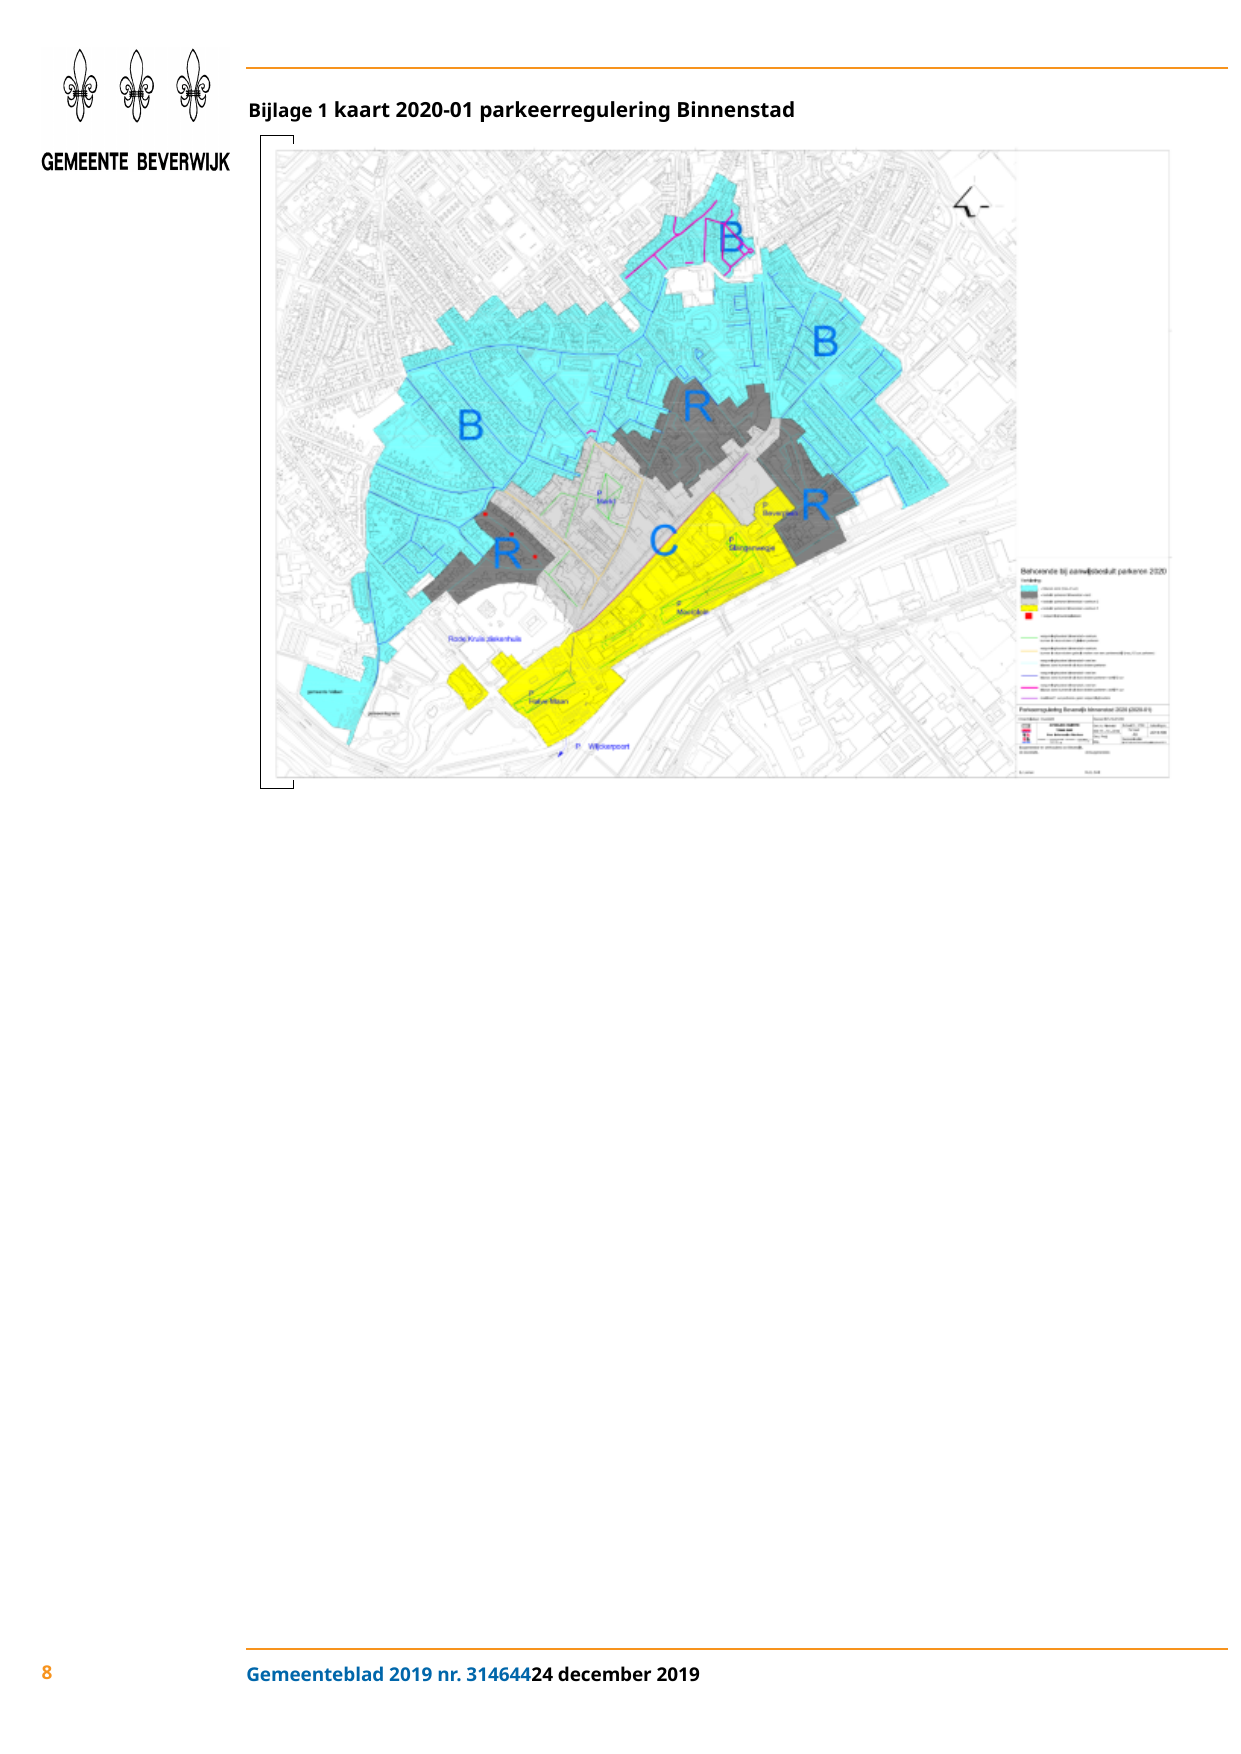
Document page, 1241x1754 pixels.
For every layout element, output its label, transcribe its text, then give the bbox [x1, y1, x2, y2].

picture [268, 144, 1173, 780]
picture [41, 47, 231, 172]
text Bijlage 1 kaart 2020-01 parkeerregulering Binnenstad [248, 95, 1152, 123]
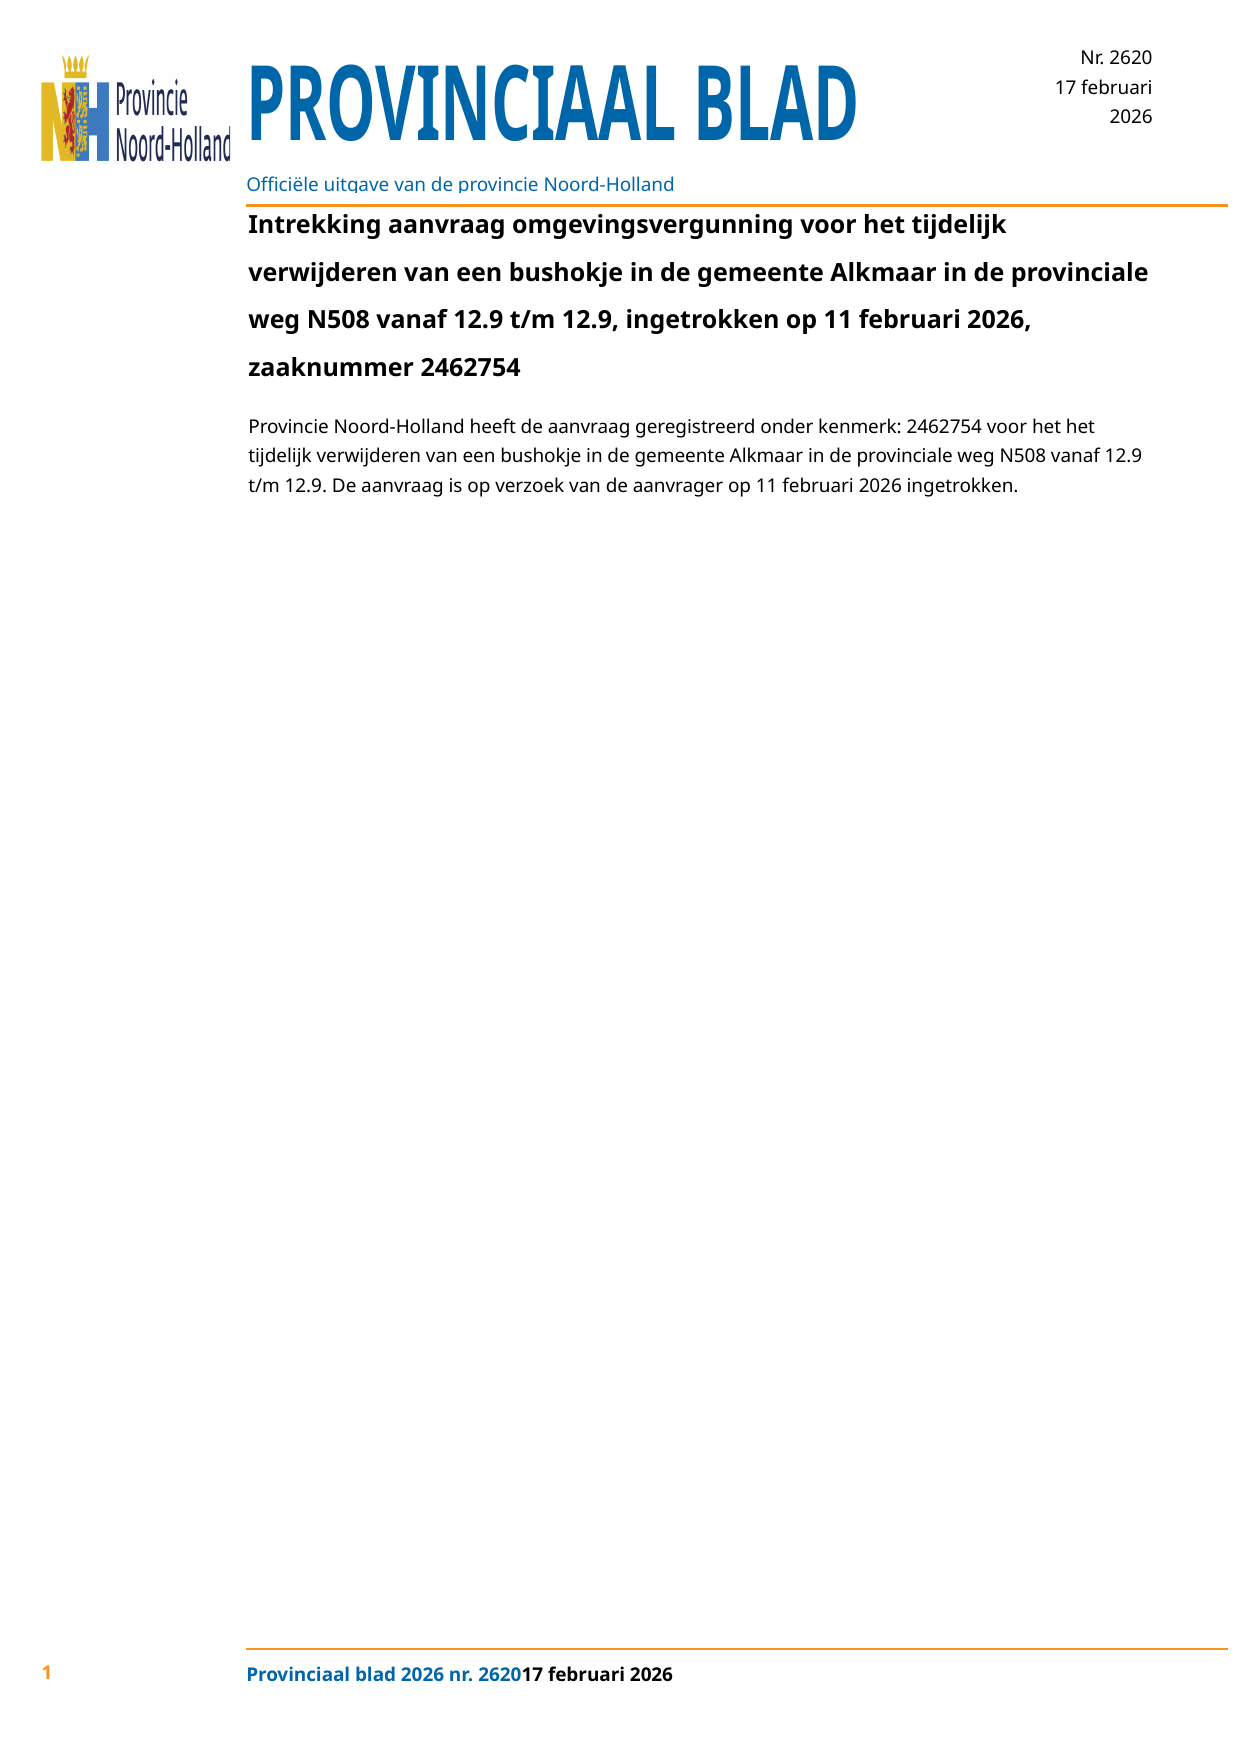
++++
Task to complete - Please reproduce the records above exactly, leaving out every picture.

Finished task -
Document page, 1241x1754 pixels.
For every layout element, output its label, transcribe its text, then give the bbox [x1, y1, x2, y2].

picture [268, 144, 1173, 780]
picture [41, 47, 231, 172]
text Bijlage 1 kaart 2020-01 parkeerregulering Binnenstad [248, 95, 1152, 123]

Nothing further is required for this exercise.